Ohio State is in the process of revising websites and program materials to accurately reflect compliance with the law. While this work occurs, language referencing protected class status or other activities prohibited by Ohio Senate Bill 1 may still appear in some places. However, all programs and activities are being administered in compliance with federal and state law.

Seminar: Chris Hans

Statistics Seminar
October 20, 2011
All Day
209 W. Eighteenth Ave. (EA), Room 170

Title

Penalized Regression via Bayesian Orthant Priors

Speaker

Chris Hans, The Ohio State University

Abstract

Penalized optimization procedures are sometimes described as Bayesian approaches to parameter estimation, prediction and variable selection. In this talk I examine the strength of this connection in the context of the lasso (Tibshirani, 1996) and the elastic net (Zou and Hastie, 2005). Motivated by the proliferation of these (and related) approaches to penalized optimization, I introduce a new class of prior distributions—the "orthant normal" distribution—for the regression coefficients in a Bayesian regression model and show that this prior gives rise to the lasso and elastic net point estimates as the posterior mode. By providing a complete characterization of the prior distribution, I allow for model-based inference that moves beyond exclusive use of the posterior mode, including coherent Bayesian prediction and formal Bayesian model comparison.
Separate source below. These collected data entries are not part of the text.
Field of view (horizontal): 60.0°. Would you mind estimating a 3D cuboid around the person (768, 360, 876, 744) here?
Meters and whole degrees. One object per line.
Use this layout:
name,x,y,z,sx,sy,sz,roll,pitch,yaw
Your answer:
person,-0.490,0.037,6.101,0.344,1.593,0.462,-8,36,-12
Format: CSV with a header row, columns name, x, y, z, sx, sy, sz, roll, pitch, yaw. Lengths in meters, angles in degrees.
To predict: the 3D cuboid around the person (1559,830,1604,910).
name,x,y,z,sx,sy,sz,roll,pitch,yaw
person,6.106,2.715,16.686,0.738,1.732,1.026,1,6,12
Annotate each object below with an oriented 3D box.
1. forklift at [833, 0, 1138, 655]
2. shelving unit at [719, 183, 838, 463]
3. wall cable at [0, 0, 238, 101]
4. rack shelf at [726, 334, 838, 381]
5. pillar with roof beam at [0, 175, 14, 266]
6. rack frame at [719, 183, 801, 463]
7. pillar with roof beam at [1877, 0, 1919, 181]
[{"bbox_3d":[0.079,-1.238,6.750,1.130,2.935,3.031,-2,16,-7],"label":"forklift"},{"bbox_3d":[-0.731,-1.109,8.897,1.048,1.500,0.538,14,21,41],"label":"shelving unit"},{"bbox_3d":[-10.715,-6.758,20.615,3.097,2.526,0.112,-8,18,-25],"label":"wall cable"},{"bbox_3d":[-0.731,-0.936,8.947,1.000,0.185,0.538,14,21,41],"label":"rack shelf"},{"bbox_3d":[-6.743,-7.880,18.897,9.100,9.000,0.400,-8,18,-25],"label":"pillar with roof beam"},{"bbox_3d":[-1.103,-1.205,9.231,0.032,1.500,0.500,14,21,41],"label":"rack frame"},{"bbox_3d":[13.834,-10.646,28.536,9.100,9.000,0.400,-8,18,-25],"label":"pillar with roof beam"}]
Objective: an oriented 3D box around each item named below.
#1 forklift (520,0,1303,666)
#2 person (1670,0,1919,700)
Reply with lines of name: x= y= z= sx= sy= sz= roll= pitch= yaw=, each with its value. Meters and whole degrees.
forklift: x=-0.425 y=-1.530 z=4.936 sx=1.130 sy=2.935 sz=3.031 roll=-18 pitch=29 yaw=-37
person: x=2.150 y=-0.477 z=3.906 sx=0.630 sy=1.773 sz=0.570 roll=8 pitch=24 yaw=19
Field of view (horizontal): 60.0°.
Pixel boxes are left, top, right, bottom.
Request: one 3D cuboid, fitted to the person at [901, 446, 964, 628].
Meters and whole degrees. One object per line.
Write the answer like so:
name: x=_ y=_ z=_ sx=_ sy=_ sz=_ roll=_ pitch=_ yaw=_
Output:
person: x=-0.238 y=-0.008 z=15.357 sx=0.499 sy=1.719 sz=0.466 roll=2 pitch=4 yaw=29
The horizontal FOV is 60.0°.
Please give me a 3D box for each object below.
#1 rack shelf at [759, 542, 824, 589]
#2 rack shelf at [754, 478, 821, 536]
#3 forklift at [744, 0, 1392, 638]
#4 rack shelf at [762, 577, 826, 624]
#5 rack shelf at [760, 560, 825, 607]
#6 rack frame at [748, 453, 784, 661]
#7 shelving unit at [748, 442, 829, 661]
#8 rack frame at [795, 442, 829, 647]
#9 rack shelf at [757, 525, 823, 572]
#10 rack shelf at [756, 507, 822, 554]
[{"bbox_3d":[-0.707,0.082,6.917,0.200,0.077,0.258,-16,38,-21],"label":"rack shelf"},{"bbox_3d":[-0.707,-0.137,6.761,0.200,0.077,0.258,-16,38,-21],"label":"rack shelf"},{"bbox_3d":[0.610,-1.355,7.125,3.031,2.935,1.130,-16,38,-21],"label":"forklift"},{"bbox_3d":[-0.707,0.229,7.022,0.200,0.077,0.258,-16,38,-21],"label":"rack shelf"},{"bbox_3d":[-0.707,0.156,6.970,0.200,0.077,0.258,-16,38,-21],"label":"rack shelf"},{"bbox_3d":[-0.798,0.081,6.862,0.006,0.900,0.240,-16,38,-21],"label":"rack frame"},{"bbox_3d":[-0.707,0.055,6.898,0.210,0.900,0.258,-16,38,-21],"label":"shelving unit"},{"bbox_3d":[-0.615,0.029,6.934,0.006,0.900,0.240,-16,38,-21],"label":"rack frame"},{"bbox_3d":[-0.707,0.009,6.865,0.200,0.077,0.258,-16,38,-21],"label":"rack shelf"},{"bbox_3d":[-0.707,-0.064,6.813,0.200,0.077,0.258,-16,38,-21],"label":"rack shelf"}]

In contrast to penalized optimization procedures, where values for the penalty parameters are often selected via cross validation, the Bayesian approach allows for uncertainty about these parameters to be explicitly included in the model. I show that the orthant normal distribution has a scale-mixture of normals representation, providing additional insight into the particular form of shrinkage employed by the elastic net. Posterior inference is shown to be easily achieved via MCMC methods. Finally, I generalize the basic orthant normal distribution to allow for a priori dependence in the regression coefficients, yielding a framework for constructing new penalties.  In particular I discuss an approach for incorporating prior information about dependence structure in the covariates that resembles Zellner's g-prior but that also allows for lasso-like shrinkage.